**Task goal:** Give an exact copy of the lines of the records below, starting at the line containing "For every layout" and running to the end.

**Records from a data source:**
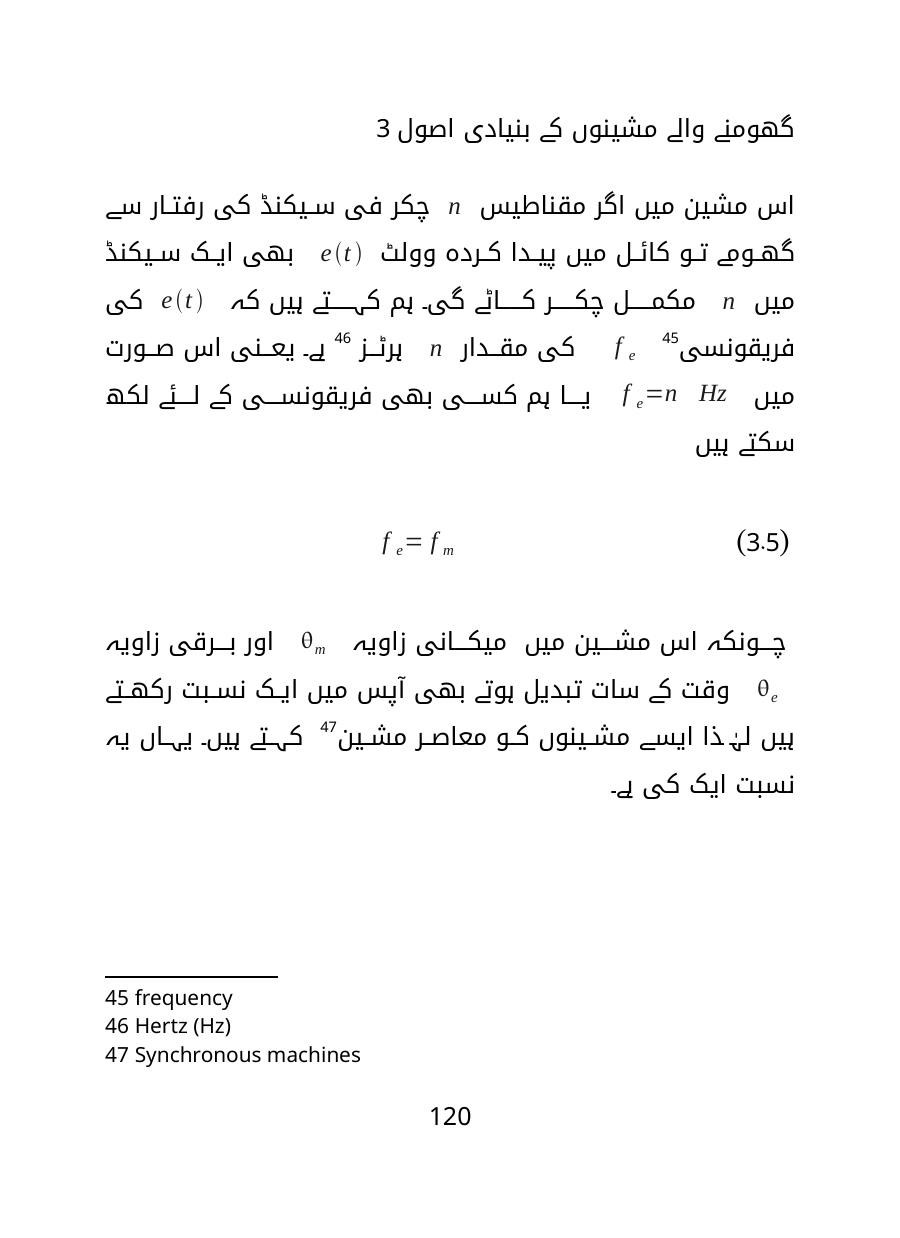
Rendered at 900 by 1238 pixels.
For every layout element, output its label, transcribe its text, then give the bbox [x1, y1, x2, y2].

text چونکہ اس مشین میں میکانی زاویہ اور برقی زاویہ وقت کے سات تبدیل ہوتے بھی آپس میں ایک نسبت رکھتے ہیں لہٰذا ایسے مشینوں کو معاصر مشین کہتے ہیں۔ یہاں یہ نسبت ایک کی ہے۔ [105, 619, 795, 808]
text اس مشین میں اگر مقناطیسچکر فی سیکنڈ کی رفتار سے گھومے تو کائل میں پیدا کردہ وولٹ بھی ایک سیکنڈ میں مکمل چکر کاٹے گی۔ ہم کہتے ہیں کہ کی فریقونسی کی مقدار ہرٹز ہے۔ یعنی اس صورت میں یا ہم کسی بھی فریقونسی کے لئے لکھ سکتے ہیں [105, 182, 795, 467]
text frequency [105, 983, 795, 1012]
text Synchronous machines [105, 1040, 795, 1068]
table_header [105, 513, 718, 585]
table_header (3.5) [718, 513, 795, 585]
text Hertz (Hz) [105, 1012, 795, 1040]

**Written reply:**
For every layout element, output its label, transcribe its text, then give the bbox [x1, y1, x2, y2].

text چونکہ اس مشین میں میکانی زاویہ اور برقی زاویہ وقت کے سات تبدیل ہوتے بھی آپس میں ایک نسبت رکھتے ہیں لہٰذا ایسے مشینوں کو معاصر مشین کہتے ہیں۔ یہاں یہ نسبت ایک کی ہے۔ [105, 619, 795, 808]
text اس مشین میں اگر مقناطیسچکر فی سیکنڈ کی رفتار سے گھومے تو کائل میں پیدا کردہ وولٹ بھی ایک سیکنڈ میں مکمل چکر کاٹے گی۔ ہم کہتے ہیں کہ کی فریقونسی کی مقدار ہرٹز ہے۔ یعنی اس صورت میں یا ہم کسی بھی فریقونسی کے لئے لکھ سکتے ہیں [105, 182, 795, 467]
text frequency [105, 983, 795, 1012]
text Synchronous machines [105, 1040, 795, 1068]
table_header [105, 513, 718, 585]
table_header (3.5) [718, 513, 795, 585]
text Hertz (Hz) [105, 1012, 795, 1040]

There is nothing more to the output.